THE DATA
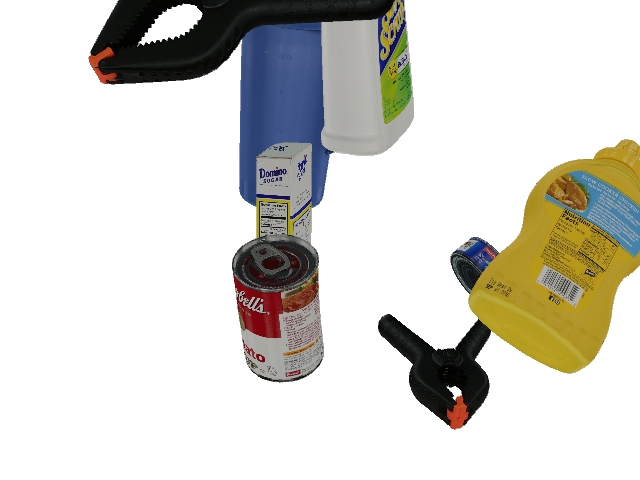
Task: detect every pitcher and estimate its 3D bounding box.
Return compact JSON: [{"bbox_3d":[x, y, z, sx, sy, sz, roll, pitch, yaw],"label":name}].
[{"bbox_3d":[-0.029,-0.160,1.307,0.144,0.243,0.149,-6,27,-25],"label":"pitcher"}]

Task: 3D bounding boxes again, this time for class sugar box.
[{"bbox_3d":[-0.039,-0.012,1.145,0.048,0.176,0.093,2,14,13],"label":"sugar box"}]

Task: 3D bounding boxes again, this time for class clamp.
[{"bbox_3d":[0.135,0.125,1.083,0.120,0.039,0.171,-8,34,-9],"label":"clamp"},{"bbox_3d":[-0.064,-0.169,0.752,0.210,0.165,0.036,-40,-20,-8],"label":"clamp"}]

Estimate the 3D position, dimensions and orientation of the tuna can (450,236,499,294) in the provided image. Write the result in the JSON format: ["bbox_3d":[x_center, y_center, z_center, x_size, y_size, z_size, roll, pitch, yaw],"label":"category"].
[{"bbox_3d":[0.196,0.040,1.286,0.033,0.086,0.086,-36,10,-15],"label":"tuna can"}]

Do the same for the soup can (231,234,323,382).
[{"bbox_3d":[-0.032,0.055,0.856,0.068,0.102,0.068,-2,38,2],"label":"soup can"}]

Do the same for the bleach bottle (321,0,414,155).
[{"bbox_3d":[0.035,-0.206,0.916,0.068,0.251,0.102,10,34,25],"label":"bleach bottle"}]

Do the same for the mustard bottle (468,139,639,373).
[{"bbox_3d":[0.193,-0.003,0.790,0.096,0.191,0.058,33,-26,4],"label":"mustard bottle"}]
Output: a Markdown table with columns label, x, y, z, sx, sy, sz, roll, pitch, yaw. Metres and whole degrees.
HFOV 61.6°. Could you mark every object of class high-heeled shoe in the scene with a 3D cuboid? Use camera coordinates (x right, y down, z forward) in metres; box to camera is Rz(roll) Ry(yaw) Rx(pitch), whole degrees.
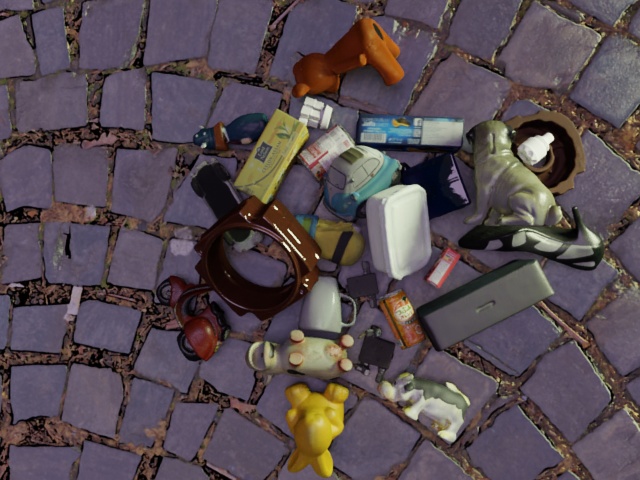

ASSIGNED TASK
The job is to copy each line from the material above that holds the word "every".

FINISHED EXERCISE
Task: detect every pitcher and estimate its 3D bounding box.
HFOV 61.6°. Could you mark every object of class high-heeled shoe in the scene with a 3D cuboid? Use camera coordinates (x right, y down, z forward) in metres; box to camera is Rz(roll) Ry(yaw) Rx(pitch), whole degrees.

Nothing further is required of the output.